Practical Implications
- •The study highlights the need for targeted public health interventions, such as enhanced surveillance in endemic areas and equitable access to diagnostics for at-risk populations (older adults, males, lower socioeconomic status).
- •The findings underscore the importance of data harmonization efforts to address unit conformance issues in multi-institutional EHR data.

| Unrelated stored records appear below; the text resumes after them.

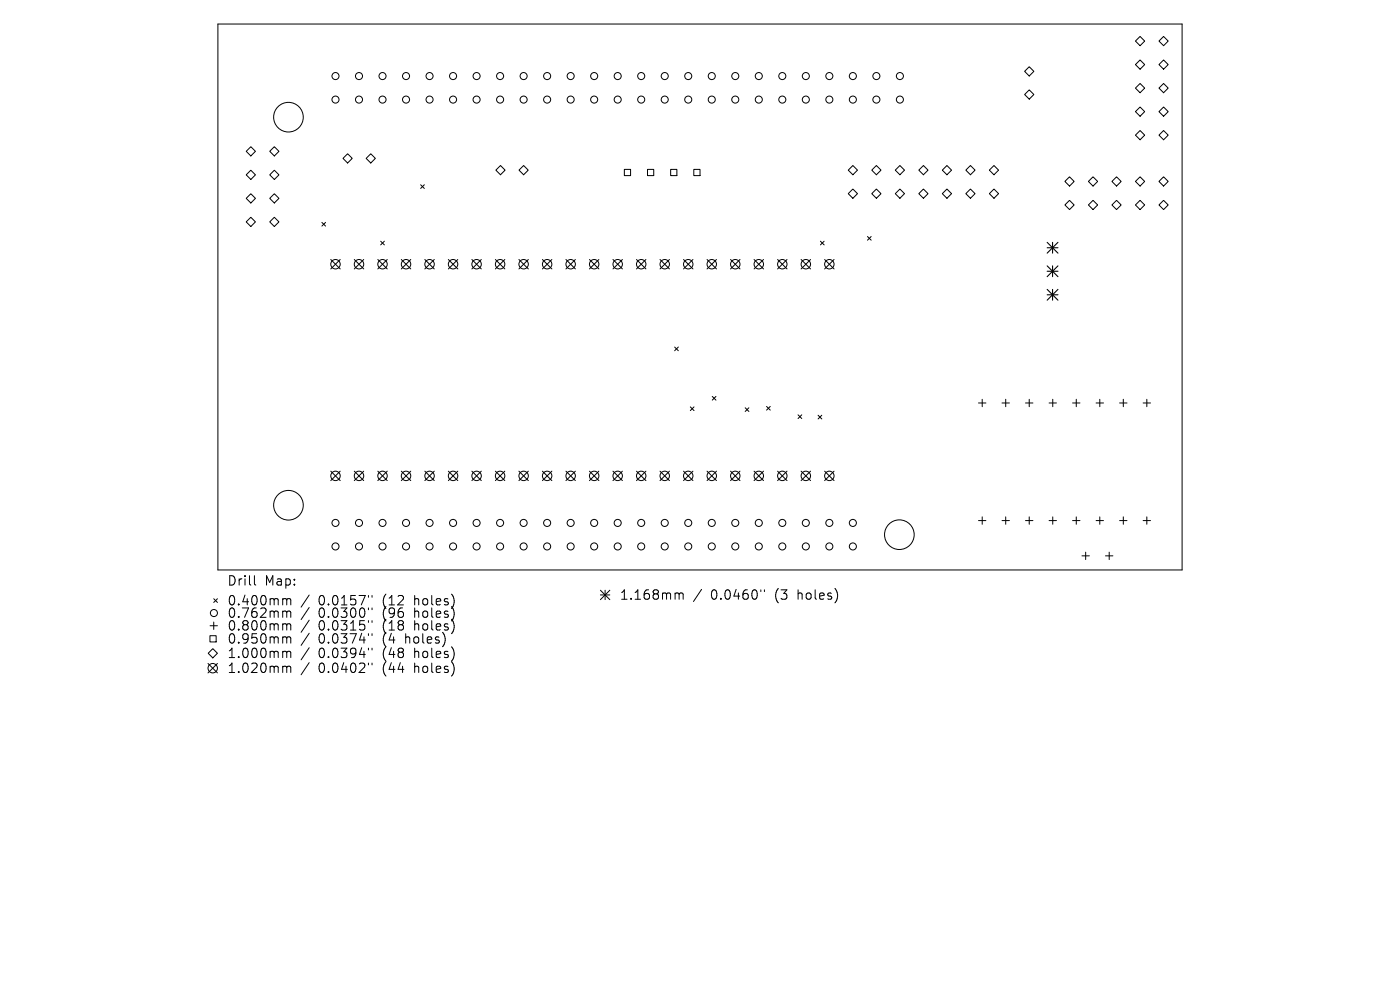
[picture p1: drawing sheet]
<svg xmlns="http://www.w3.org/2000/svg" width="297mm" height="210mm" viewBox="0 0 297 210" stroke-linecap="round" stroke-linejoin="round" font-family="sans-serif">
<defs><g id="words">
<g font-size="2.8">
<text x="48.1" y="124.5">Drill</text>
<text x="56.1" y="124.5">Map:</text>
<text x="48.1" y="128.7">0.400mm</text>
<text x="48.1" y="131.3">0.762mm</text>
<text x="67.6" y="128.7">0.0157&quot;</text>
<text x="67.6" y="131.3">0.0300&quot;</text>
<text x="81.3" y="128.7">(12</text>
<text x="81.3" y="131.3">(96</text>
<text x="88.2" y="128.7">holes)</text>
<text x="88.2" y="131.3">holes)</text>
<text x="131.4" y="127.5">1.168mm</text>
<text x="150.8" y="127.5">0.0460&quot;</text>
<text x="164.5" y="127.5">(3</text>
<text x="169.5" y="127.5">holes)</text>
<text x="48.1" y="134">0.800mm</text>
<text x="48.1" y="136.8">0.950mm</text>
<text x="67.6" y="134">0.0315&quot;</text>
<text x="67.6" y="136.8">0.0374&quot;</text>
<text x="81.3" y="134">(18</text>
<text x="81.3" y="136.8">(4</text>
<text x="86.3" y="136.8">holes)</text>
<text x="88.2" y="134">holes)</text>
<text x="48.1" y="139.9">1.000mm</text>
<text x="48.1" y="143">1.020mm</text>
<text x="67.6" y="139.9">0.0394&quot;</text>
<text x="67.6" y="143">0.0402&quot;</text>
<text x="81.3" y="139.9">(48</text>
<text x="81.3" y="143">(44</text>
<text x="88.2" y="139.9">holes)</text>
<text x="88.2" y="143">holes)</text>
</g>
</g></defs>
<g fill="none" stroke="#000" stroke-width=".21">
<path d="M46.2 5.1h204.6v115.8h-204.6zM217.4 15.1l.9-.9 1 .9-1 1zM240.9 8.7l1-1 .9 1-.9 1zM240.9 13.7l1-1 .9 1-.9 1zM240.9 18.7l1-1 .9 1-.9 1zM245.9 13.7l.9-1 1 1-1 1zM246.8 7.7l1 1-1 1-.9-1zM246.8 17.7l1 1-1 1-.9-1zM53.2 31.1l1 1-1 1-1-1zM53.2 36.1l1 1-1 1-1-1zM58.2 31.1l1 1-1 1-1-1zM58.2 36.1l1 1-1 1-1-1z"/>
<path d="M72.8 33.6l.9-1 1 1-1 1zM78.7 32.6l.9 1-.9 1-1-1zM89.2 39.2l.8 .8M90 39.2l-.8 .8M105.2 36.1l1-1 1 1-1 1zM110.1 36.1l1-1 1 1-1 1zM132.5 35.9h1.3v1.4h-1.3zM137.4 35.9h1.3v1.4h-1.3zM142.3 35.9h1.3v1.4h-1.3zM147.2 35.9h1.3v1.4h-1.3zM179.9 36.1l1-1 1 1-1 1zM185.9 35.1l1 1-1 1-1-1z"/>
<path d="M189.9 36.1l1-1 1 1-1 1zM194.9 36.1l1-1 1 1-1 1zM199.9 36.1l1-1 1 1-1 1zM204.9 36.1l1-1 1 1-1 1zM209.9 36.1l1-1 .9 1-.9 1zM217.4 20l.9-.9 1 .9-1 1zM226.9 37.5l1 1-1 1-1-1zM230.9 38.5l1-1 1 1-1 1zM235.9 38.5l1-1 1 1-1 1zM240.9 28.7l1-1 .9 1-.9 1zM240.9 38.5l1-1 .9 1-.9 1zM241.9 22.7l.9 1-.9 1-1-1z"/>
<path d="M245.9 28.7l.9-1 1 1-1 1zM245.9 38.5l.9-1 1 1-1 1zM246.8 22.7l1 1-1 1-.9-1zM52.2 42.1l1-1 1 1-1 1zM53.2 46.1l1 1-1 1-1-1zM57.2 42.1l1-1 1 1-1 1zM57.2 47.1l1-1 1 1-1 1zM68.3 47.2l.8 .8M69.1 47.2l-.8 .8M70.2 55l2 2.1M72.2 55l-2 2.1M75.2 55l2 2.1"/>
<path d="M77.2 55l-2 2.1M80.1 55l2.1 2.1M80.8 51.2l.7 .8M81.5 51.2l-.7 .8M82.2 55l-2.1 2.1M85.1 55l2 2.1M87.1 55l-2 2.1M90.1 55l2 2.1M92.1 55l-2 2.1M95.1 55l2 2.1M97.1 55l-2 2.1M100.1 55l2 2.1"/>
<path d="M102.1 55l-2 2.1M105.1 55l2 2.1M107.1 55l-2 2.1M110.1 55l2 2.1M112.1 55l-2 2.1M115.1 55l2 2.1M117.1 55l-2 2.1M120.1 55l2 2.1M122.1 55l-2 2.1M125 55l2.1 2.1M127.1 55l-2.1 2.1M130 55l2 2.1"/>
<path d="M132 55l-2 2.1M135 55l2 2.1M137 55l-2 2.1M140 55l2 2.1M142 55l-2 2.1M145 55l2 2.1M147 55l-2 2.1M150 55l2 2.1M152 55l-2 2.1M155 55l2 2.1M157 55l-2 2.1M160 55l2 2.1"/>
<path d="M162 55l-2 2.1M165 55l2 2.1M167 55l-2 2.1M169.9 55l2.1 2.1M172 55l-2.1 2.1M174.1 51.2l.7 .8M174.8 51.2l-.7 .8M174.9 55l2 2.1M176.9 55l-2 2.1M180.9 40.1l1 1-1 1-1-1zM184 50.2l.8 .8M184.8 50.2l-.8 .8"/>
<path d="M185.9 40.1l1 1-1 1-1-1zM190.9 40.1l1 1-1 1-1-1zM194.9 41.1l1-1 1 1-1 1zM200.9 40.1l1 1-1 1-1-1zM205.9 40.1l1 1-1 1-1-1zM210.9 40.1l.9 1-.9 1-1-1zM226.9 42.5l1 1-1 1-1-1zM231.9 42.5l1 1-1 1-1-1zM235.9 43.5l1-1 1 1-1 1zM240.9 43.5l1-1 .9 1-.9 1zM245.9 43.5l.9-1 1 1-1 1zM143.1 73.6l.8 .8"/>
<path d="M143.9 73.6l-.8 .8M70.2 99.9l2 2.1M72.2 99.9l-2 2.1M75.2 99.9l2 2.1M77.2 99.9l-2 2.1M80.1 99.9l2.1 2.1M82.2 99.9l-2.1 2.1M85.1 99.9l2 2.1M87.1 99.9l-2 2.1M90.1 99.9l2 2.1M92.1 99.9l-2 2.1M95.1 99.9l2 2.1"/>
<path d="M97.1 99.9l-2 2.1M100.1 99.9l2 2.1M102.1 99.9l-2 2.1M105.1 99.9l2 2.1M107.1 99.9l-2 2.1M110.1 99.9l2 2.1M112.1 99.9l-2 2.1M115.1 99.9l2 2.1M117.1 99.9l-2 2.1M120.1 99.9l2 2.1M122.1 99.9l-2 2.1M125 99.9l2.1 2.1"/>
<path d="M127.1 99.9l-2.1 2.1M130 99.9l2 2.1M132 99.9l-2 2.1M135 99.9l2 2.1M137 99.9l-2 2.1M140 99.9l2 2.1M142 99.9l-2 2.1M145 99.9l2 2.1M146.4 86.3l.8 .8M147 99.9l-2 2.1M147.2 86.3l-.8 .8M150 99.9l2 2.1"/>
<path d="M151.1 84.1l.8 .8M151.9 84.1l-.8 .8M152 99.9l-2 2.1M155 99.9l2 2.1M157 99.9l-2 2.1M158.1 86.5l.8 .8M158.9 86.5l-.8 .8M160 99.9l2 2.1M162 99.9l-2 2.1M162.6 86.2l.8 .8M163.4 86.2l-.8 .8M165 99.9l2 2.1"/>
<path d="M167 99.9l-2 2.1M169.3 88l.8 .8M169.9 99.9l2.1 2.1M170.1 88l-.8 .8M172 99.9l-2.1 2.1M173.6 88.1l.7 .8M174.3 88.1l-.7 .8M174.9 99.9l2 2.1M176.9 99.9l-2 2.1M207.6 85.5h1.6M208.4 84.7v1.6M212.6 85.5h1.5"/>
<path d="M213.4 84.7v1.6M217.6 85.5h1.5M218.3 84.7v1.6M222.6 85.5h1.5M223.3 84.7v1.6M227.5 85.5h1.6M228.3 84.7v1.6M232.5 85.5h1.6M233.3 84.7v1.6M237.5 85.5h1.6M238.3 84.7v1.6M242.5 85.5h1.6"/>
<path d="M243.3 84.7v1.6M207.6 110.4h1.6M208.4 109.6v1.6M212.6 110.4h1.5M213.4 109.6v1.6M217.6 110.4h1.5M218.3 109.6v1.6M222.6 110.4h1.5M223.3 109.6v1.6M227.5 110.4h1.6M228.3 109.6v1.6M229.5 117.9h1.6"/>
<path d="M230.3 117.1v1.6M232.5 110.4h1.6M233.3 109.6v1.6M234.5 117.9h1.6M235.3 117.1v1.6M237.5 110.4h1.6M238.3 109.6v1.6M242.5 110.4h1.6M243.3 109.6v1.6M44.5 134.9h1.4v1.3h-1.4zM44.6 132.7h1.5M45.1 137.6l1 1-1 1-.9-1z"/>
<path d="M45.3 127l.8 .8M45.3 132v1.5M46.1 127l-.8 .8M54 122.1v1.7l.3 .3M60.3 127l.4 .1 .1 .2M60.3 129.6h.2l.3 .3M60.3 132.3l.4 .1 .1 .2M60.3 135.1h.2l.3 .3M60.3 138.2l.4 .1 .1 .1M60.8 127.3l.3-.3 .5 .1 .1 1.2M60.8 127.3v1M60.8 129.9v1.1"/>
<path d="M60.8 132.6v1.1M60.8 135.4v1M60.8 138.4v1.1M60.8 129.9l.3-.3 .5 .1 .1 1.3M60.8 132.6l.3-.3 .5 .1 .1 1.3M60.8 135.4l.3-.3 .5 .1 .1 1.2M60.8 138.4l.3-.2 .5 .1 .1 1.2M65.6 126.2l-1.7 2.6M65.6 128.9l-1.7 2.5M65.6 131.6l-1.7 2.5M65.6 134.3l-1.7 2.6M65.6 137.4l-1.7 2.6"/>
<path d="M78.2 126.3v.4M78.2 129v.3M78.2 131.7v.3M78.2 134.4v.4M78.2 137.5v.4M78.9 126.3v.4M78.9 129v.3M78.9 131.7v.3M78.9 134.4v.4M78.9 137.5v.4M127.4 125.2l2 2M127.4 126.2h2"/>
<path d="M128.4 125.2v2M129.4 125.2l-2 2M143.5 125.8h.3l.3 .3M144.1 126.1l.3-.3 .4 .1 .1 1.2M144.1 126.1v1M148.8 125l-1.7 2.6M161.4 125.1v.4M162.2 125.1v.4M44.1 140.7l2 2M46.1 140.7l-2 2M60.3 141.3h.2l.3 .3M60.8 141.6v1.1"/>
<path d="M60.8 141.6l.3-.3 .5 .1 .1 1.3M65.6 140.6l-1.7 2.5M78.2 140.7v.3M78.9 140.7v.3"/>
<circle cx="71.2" cy="16.1" r=".75"/>
<circle cx="76.2" cy="16.1" r=".75"/>
<circle cx="81.1" cy="16.1" r=".75"/>
<circle cx="86.1" cy="16.1" r=".75"/>
<circle cx="91.1" cy="16.1" r=".75"/>
<circle cx="96.1" cy="16.1" r=".75"/>
<circle cx="101.1" cy="16.1" r=".75"/>
<circle cx="106.1" cy="16.1" r=".75"/>
<circle cx="111.1" cy="16.1" r=".75"/>
<circle cx="116.1" cy="16.1" r=".75"/>
<circle cx="121.1" cy="16.1" r=".75"/>
<circle cx="126.1" cy="16.1" r=".75"/>
<circle cx="131" cy="16.1" r=".75"/>
<circle cx="136" cy="16.1" r=".75"/>
<circle cx="141" cy="16.1" r=".75"/>
<circle cx="146" cy="16.1" r=".75"/>
<circle cx="151" cy="16.1" r=".75"/>
<circle cx="156" cy="16.1" r=".75"/>
<circle cx="161" cy="16.1" r=".75"/>
<circle cx="166" cy="16.1" r=".75"/>
<circle cx="171" cy="16.1" r=".75"/>
<circle cx="175.9" cy="16.1" r=".75"/>
<circle cx="180.9" cy="16.1" r=".75"/>
<circle cx="185.9" cy="16.1" r=".75"/>
<circle cx="190.9" cy="16.1" r=".75"/>
<circle cx="61.2" cy="24.9" r="3.1"/>
<circle cx="71.2" cy="21.1" r=".75"/>
<circle cx="76.2" cy="21.1" r=".75"/>
<circle cx="81.1" cy="21.1" r=".75"/>
<circle cx="86.1" cy="21.1" r=".75"/>
<circle cx="91.1" cy="21.1" r=".75"/>
<circle cx="96.1" cy="21.1" r=".75"/>
<circle cx="101.1" cy="21.1" r=".75"/>
<circle cx="106.1" cy="21.1" r=".75"/>
<circle cx="111.1" cy="21.1" r=".75"/>
<circle cx="116.1" cy="21.1" r=".75"/>
<circle cx="121.1" cy="21.1" r=".75"/>
<circle cx="126.1" cy="21.1" r=".75"/>
<circle cx="131" cy="21.1" r=".75"/>
<circle cx="136" cy="21.1" r=".75"/>
<circle cx="141" cy="21.1" r=".75"/>
<circle cx="146" cy="21.1" r=".75"/>
<circle cx="151" cy="21.1" r=".75"/>
<circle cx="156" cy="21.1" r=".75"/>
<circle cx="161" cy="21.1" r=".75"/>
<circle cx="166" cy="21.1" r=".75"/>
<circle cx="171" cy="21.1" r=".75"/>
<circle cx="175.9" cy="21.1" r=".75"/>
<circle cx="180.9" cy="21.1" r=".75"/>
<circle cx="185.9" cy="21.1" r=".75"/>
<circle cx="190.9" cy="21.1" r=".75"/>
<circle cx="71.2" cy="56" r="1"/>
<circle cx="76.2" cy="56" r="1"/>
<circle cx="81.1" cy="56" r="1"/>
<circle cx="86.1" cy="56" r="1"/>
<circle cx="91.1" cy="56" r="1"/>
<circle cx="96.1" cy="56" r="1"/>
<circle cx="101.1" cy="56" r="1"/>
<circle cx="106.1" cy="56" r="1"/>
<circle cx="111.1" cy="56" r="1"/>
<circle cx="116.1" cy="56" r="1"/>
<circle cx="121.1" cy="56" r="1"/>
<circle cx="126.1" cy="56" r="1"/>
<circle cx="131" cy="56" r="1"/>
<circle cx="136" cy="56" r="1"/>
<circle cx="141" cy="56" r="1"/>
<circle cx="146" cy="56" r="1"/>
<circle cx="151" cy="56" r="1"/>
<circle cx="156" cy="56" r="1"/>
<circle cx="161" cy="56" r="1"/>
<circle cx="166" cy="56" r="1"/>
<circle cx="171" cy="56" r="1"/>
<circle cx="175.9" cy="56" r="1"/>
<circle cx="61.2" cy="107.2" r="3.1"/>
<circle cx="71.2" cy="115.9" r=".75"/>
<circle cx="71.2" cy="110.9" r=".75"/>
<circle cx="71.2" cy="100.9" r="1"/>
<circle cx="76.2" cy="100.9" r="1"/>
<circle cx="76.2" cy="115.9" r=".75"/>
<circle cx="76.2" cy="110.9" r=".75"/>
<circle cx="81.1" cy="100.9" r="1"/>
<circle cx="81.1" cy="115.9" r=".75"/>
<circle cx="81.1" cy="110.9" r=".75"/>
<circle cx="86.1" cy="100.9" r="1"/>
<circle cx="86.1" cy="115.9" r=".75"/>
<circle cx="86.1" cy="110.9" r=".75"/>
<circle cx="91.1" cy="115.9" r=".75"/>
<circle cx="91.1" cy="110.9" r=".75"/>
<circle cx="91.1" cy="100.9" r="1"/>
<circle cx="96.1" cy="115.9" r=".75"/>
<circle cx="96.1" cy="110.9" r=".75"/>
<circle cx="96.1" cy="100.9" r="1"/>
<circle cx="101.1" cy="100.9" r="1"/>
<circle cx="101.1" cy="115.9" r=".75"/>
<circle cx="101.1" cy="110.9" r=".75"/>
<circle cx="106.1" cy="100.9" r="1"/>
<circle cx="106.1" cy="115.9" r=".75"/>
<circle cx="106.1" cy="110.9" r=".75"/>
<circle cx="111.1" cy="115.9" r=".75"/>
<circle cx="111.1" cy="110.9" r=".75"/>
<circle cx="111.1" cy="100.9" r="1"/>
<circle cx="116.1" cy="115.9" r=".75"/>
<circle cx="116.1" cy="110.9" r=".75"/>
<circle cx="116.1" cy="100.9" r="1"/>
<circle cx="121.1" cy="100.9" r="1"/>
<circle cx="121.1" cy="115.9" r=".75"/>
<circle cx="121.1" cy="110.9" r=".75"/>
<circle cx="126.1" cy="100.9" r="1"/>
<circle cx="126.1" cy="115.9" r=".75"/>
<circle cx="126.1" cy="110.9" r=".75"/>
<circle cx="131" cy="100.9" r="1"/>
<circle cx="131" cy="115.9" r=".75"/>
<circle cx="131" cy="110.9" r=".75"/>
<circle cx="136" cy="115.9" r=".75"/>
<circle cx="136" cy="110.9" r=".75"/>
<circle cx="136" cy="100.9" r="1"/>
<circle cx="141" cy="115.9" r=".75"/>
<circle cx="141" cy="110.9" r=".75"/>
<circle cx="141" cy="100.9" r="1"/>
<circle cx="146" cy="100.9" r="1"/>
<circle cx="146" cy="115.9" r=".75"/>
<circle cx="146" cy="110.9" r=".75"/>
<circle cx="151" cy="100.9" r="1"/>
<circle cx="151" cy="115.9" r=".75"/>
<circle cx="151" cy="110.9" r=".75"/>
<circle cx="156" cy="115.9" r=".75"/>
<circle cx="156" cy="110.9" r=".75"/>
<circle cx="156" cy="100.9" r="1"/>
<circle cx="161" cy="115.9" r=".75"/>
<circle cx="161" cy="110.9" r=".75"/>
<circle cx="161" cy="100.9" r="1"/>
<circle cx="166" cy="100.9" r="1"/>
<circle cx="166" cy="115.9" r=".75"/>
<circle cx="166" cy="110.9" r=".75"/>
<circle cx="171" cy="100.9" r="1"/>
<circle cx="171" cy="115.9" r=".75"/>
<circle cx="171" cy="110.9" r=".75"/>
<circle cx="175.9" cy="115.9" r=".75"/>
<circle cx="175.9" cy="110.9" r=".75"/>
<circle cx="175.9" cy="100.9" r="1"/>
<circle cx="180.9" cy="115.9" r=".75"/>
<circle cx="180.9" cy="110.9" r=".75"/>
<circle cx="190.8" cy="113.4" r="3.1"/>
<circle cx="45.4" cy="130" r=".75"/>
<circle cx="45.1" cy="141.7" r="1"/>
</g>
<path d="M222.1 51.4l2.3 2.3M222.1 52.6h2.3M222.1 56.4l2.3 2.3M222.1 57.5h2.3M223.3 51.4v2.3M223.3 56.4v2.3M224.4 51.4l-2.3 2.3M224.4 56.4l-2.3 2.3M222.1 61.4l2.3 2.3M222.1 62.5h2.3M223.3 61.4v2.3M224.4 61.4l-2.3 2.3" fill="none" stroke="#000" stroke-width=".23"/>
<use href="#words"/>
</svg>

Standardizing units for key biomarkers like ESR and eosinophil counts is crucial for robust data analysis.
- •The low completeness of specialized fungal biomarkers suggests a need for improved clinical guidelines and increased awareness among healthcare providers regarding the appropriate use of these tests.
- •The All of Us dataset can be a valuable resource for future research on fungal infections, but researchers need to be aware of the data quality limitations, particularly regarding completeness and conformance of specialized biomarkers.
- •Future research should integrate the All of Us genomic, environmental, and longitudinal data to unravel complex risk interactions and advance equitable mycology research.